To obtain effective ChatGPT responses, it is crucial to provide the appropriate meaning specifiers for the corresponding prompts.

Why Attribute Management is needed?

Isn't it a trivial question? You just need to make a template like this: "I am a man, I live in palo alto. [Replace with what I want to ask ChatGPT]." Done.

Well, that's certainly a show stopper. But our show has many "episodes." In the upcoming episodes, we will have these in the show.

  • If we wish to apply certain rules based on categories such as man, woman, LGBTQ categories, etc., and utilize different prompt parameters, what would be the approach to implement this?
  • If we intend to share with different individuals who may only make minimal configurations to customize their experience, it is possible to receive more personalized attributes that may not necessarily fit into a fixed template.
  • If we aim to "instrument" the prompt to gather certain analytics, we could create functions that generate specific instrumentation codes. However, with an unstructured template, how can this be achieved?

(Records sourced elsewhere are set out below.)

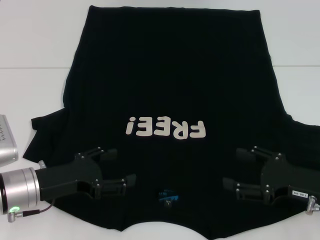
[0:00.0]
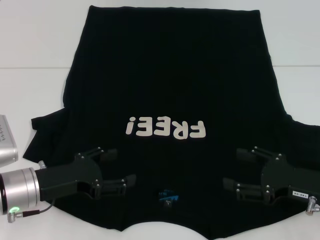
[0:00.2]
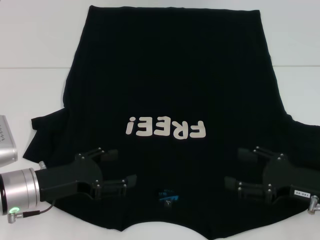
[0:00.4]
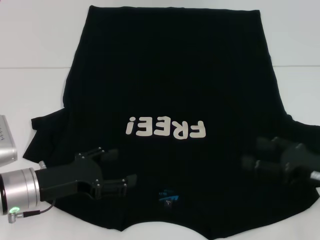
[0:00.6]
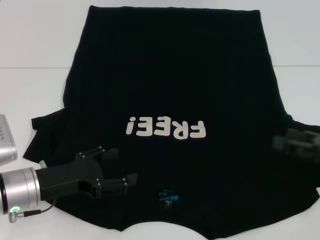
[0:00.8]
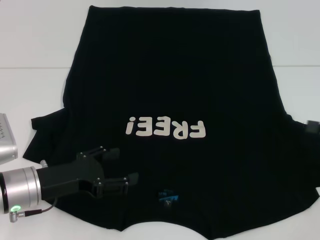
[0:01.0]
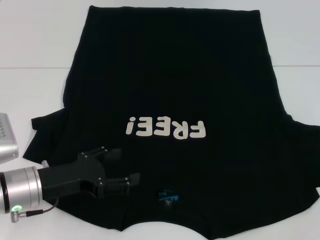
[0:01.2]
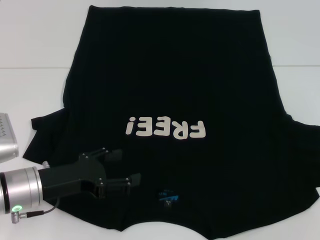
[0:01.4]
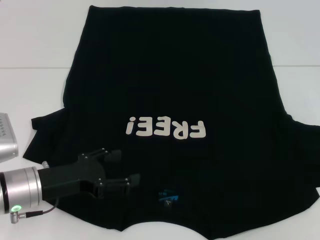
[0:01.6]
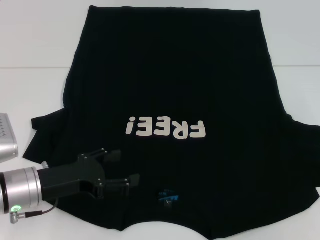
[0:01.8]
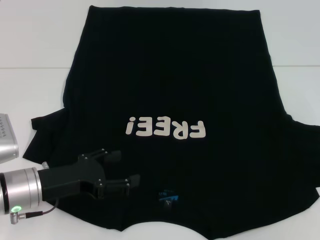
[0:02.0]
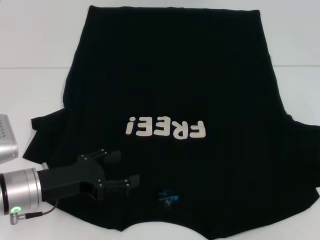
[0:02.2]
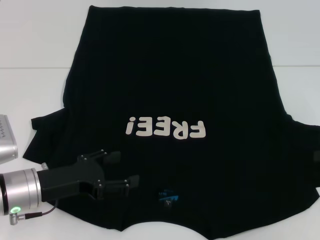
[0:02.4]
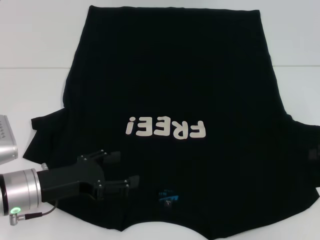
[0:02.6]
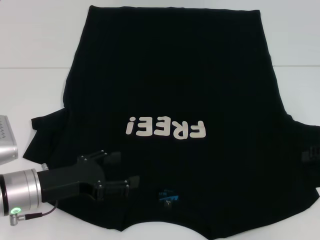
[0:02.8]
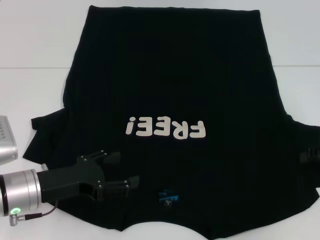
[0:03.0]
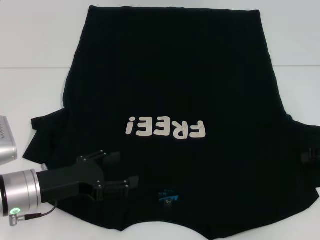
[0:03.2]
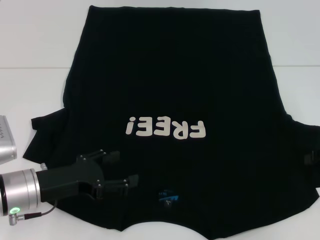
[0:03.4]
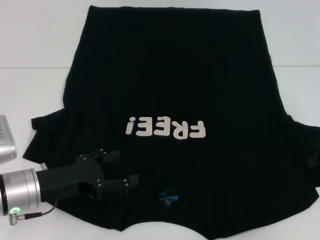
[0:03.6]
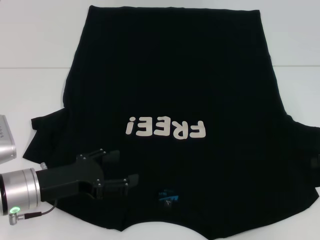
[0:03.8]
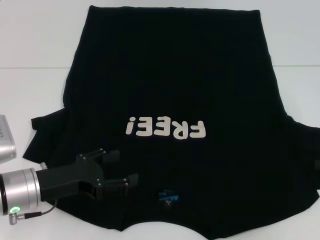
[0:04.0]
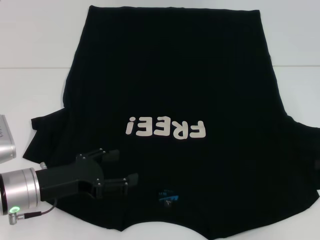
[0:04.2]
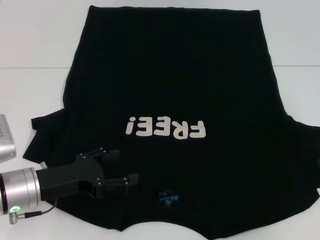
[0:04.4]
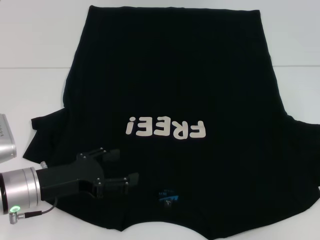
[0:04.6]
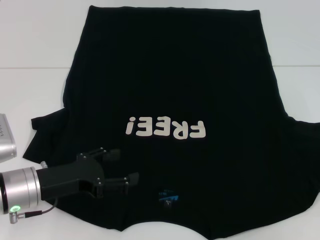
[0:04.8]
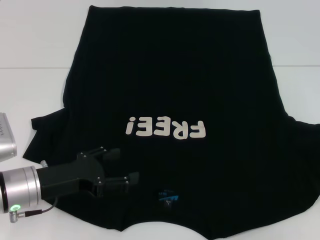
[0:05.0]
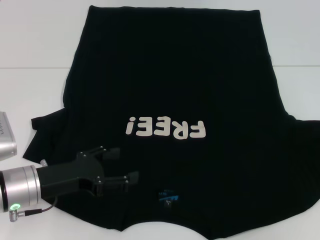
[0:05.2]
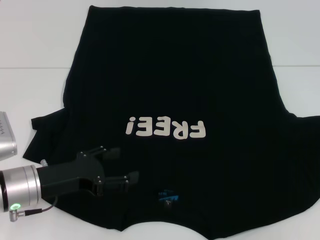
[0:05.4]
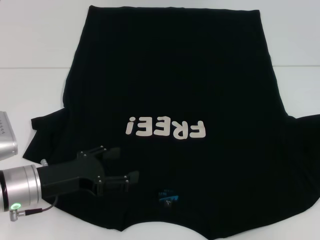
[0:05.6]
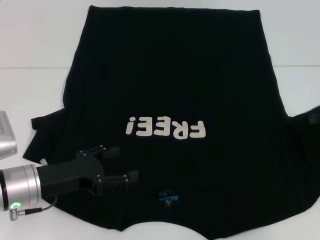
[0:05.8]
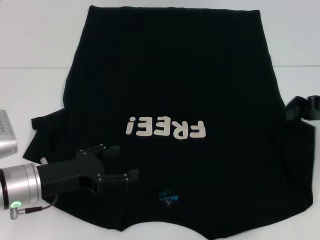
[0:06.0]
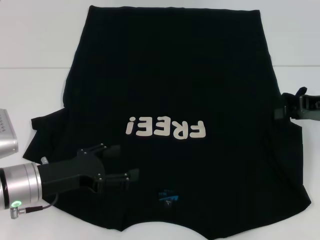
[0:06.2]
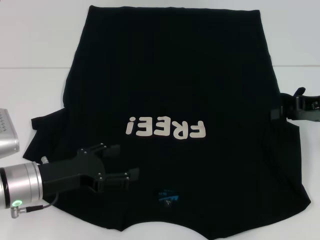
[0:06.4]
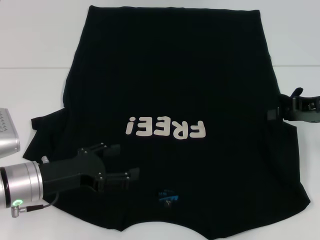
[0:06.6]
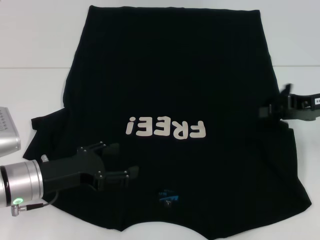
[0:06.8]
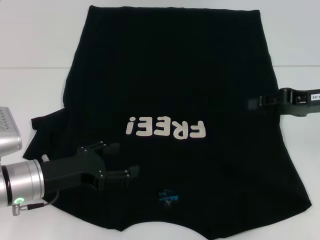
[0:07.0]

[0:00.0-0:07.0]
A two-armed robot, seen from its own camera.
0.0 to 1.4 s: The right gripper travels to the right and upward by about 15 cm.
5.6 to 7.0 s: The right gripper shifts some 10 cm to the left.

There needs to be a monitoring mechanism for ChatGPT's prompt performance in an organizational setting, as well as tooling support for managing the individual and group attributes utilized in the prompts.

Model the Prompt Meanings with Formal Semantics

Utilizing Formal Semantics, we will model the in-depth meaning structures of that example use case, 'I want to go shopping.' This will provide valuable insights into the design of attribute management.

Definition CN:=Set.
Parameter Man: CN.
Parameter Human: CN.
Axiom mh : Man -> Human. Coercion mh: Man >-> Human.
Parameter Pingping: CN.
Axiom pm : Pingping -> Man. Coercion pm: Pingping >-> Man.
Parameter shop: Human->Prop.

Parameter in_palo_alto : Human->Prop.
Parameter I: Pingping.
Definition I_shop:= shop I.
Definition I_am_in_palo_alto:= in_palo_alto I.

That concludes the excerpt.